That lasted about 6 months. The job was a lot less glamorous than she imaged. She rarely got to see a destination city. The in-flight work was so exhausting, and the hours so taxing, she craved sleep, not tours of a city.

“That showed me quickly the value of an education, and where I’d be without one,” she said.

She decided to go into medicine. At the time, a bachelor’s program was available to become a physician’s assistant, and Parker decided to try it. She finished her studies in 1997, and started out with a job in Oklahoma. She then secured a job in Utah. She worked in both a family practice and in obstetrics. During the latter, she delivered 28 babies.

“Those 28 days still stand as the best 28 days of my life,” she said. “Delivering a baby — there’s something magical about it.”

She left her PA career for “personal reasons.” Still loving children — she has none of her own — she decided to become a teacher. She went back to school and earned a biology degree with a chemistry minor, and a second degree in liberal arts. After obtaining a teaching certificate, she taught science to seventh- and eighth-graders in the Dallas area.

“The kids were great, the parents were not,” she said. She lasted three years before the stress got to her. Her symptoms mimicked those of ALS, (Lou Gehrig's Disease), and she consequently was diagnosed with the fatal disease. It was a turning point.

“I decided that if I only had a few years left, I was going to use them doing something I really loved. That was professional bass fishing,” she said.

She’d been fishing all her life. A woman named Viola Lassiter, whom Parker describes as “an honorary God-grandmother” took her bank fishing as a young kid. They used minnows and caught mostly crappie and bass.

By about age 12, she was fishing often with her “Grandpa Jack Spencer” on the lower Arkansas River. It was mainly trolling, she remembers.

“He would take me out fishing whenever I wanted to go. That was my first introduction to reaction baits.”

Later, as a teacher, she turned back to fishing as a stress-reliever. One day, fishing from the bank at her Lake Lewisville home, a man in a bass boat came so close to her bobbers, she became angry. But, having been taught how to handle people when she worked in the canoe rental business, she was cordial to him.

The conversation led to him offering to take her out and teach her how to operate a baitcasting reel. They’ve been friends ever since.

“Later, he said to me, ‘Don’t you ever get in a boat again with a stranger again.’ It’s not a smart thing to do.”

Meanwhile, her symptoms were correctly diagnosed to be stress. But she stuck with her plan to fish professionally.

Her first boat after her “ride with a stranger” was an aluminum flat-bottom rig. But her first bass boat, a Triton, was purchased as soon as she decided to compete in a new Bassmaster circuit she’d heard about, the Women’s Bassmaster Tour.

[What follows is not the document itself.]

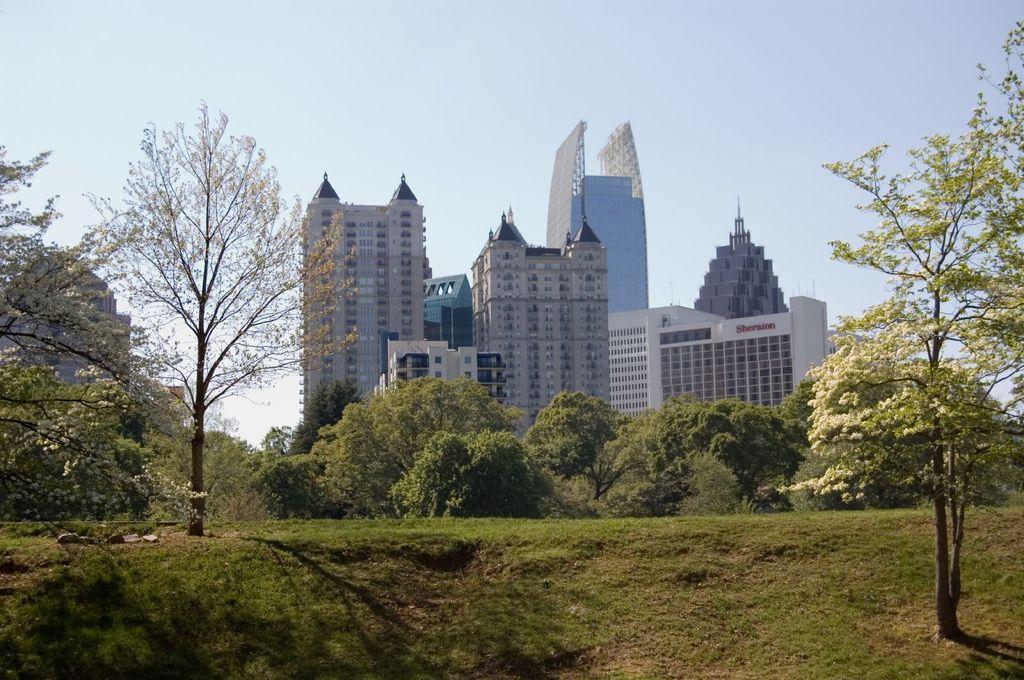Could you give a brief overview of what you see in this image? In this image we can see some grass, there are some trees and in the background of the image there are some buildings and top of the image there is clear sky.

That was in 2005, when the WBT brought its preview event to Lewisville.

Parker competed every year until the circuit shut down after the 2009 season. The WBT had served her well as an incubator. She had won an event on the Ouachita River out of Monroe, La., and done well in several others. She felt ready to join the Bassmaster Opens, and did so for the 2010 season.

By the final 2010 event, she saw a difference in her fishing. That was on Texas’ Lake Texoma, and she finished 26th. In 2011, she was sixth on her home lake, Lewisville, then 10th on the Arkansas River out of Muskogee, Okla.

The third and final event of the season happens Thursday-Saturday on Table Rock. The bass fishing world is watching. She figures she needs to finish at least 50th or better to secure the Elite spot.

She’s ready to be Elite.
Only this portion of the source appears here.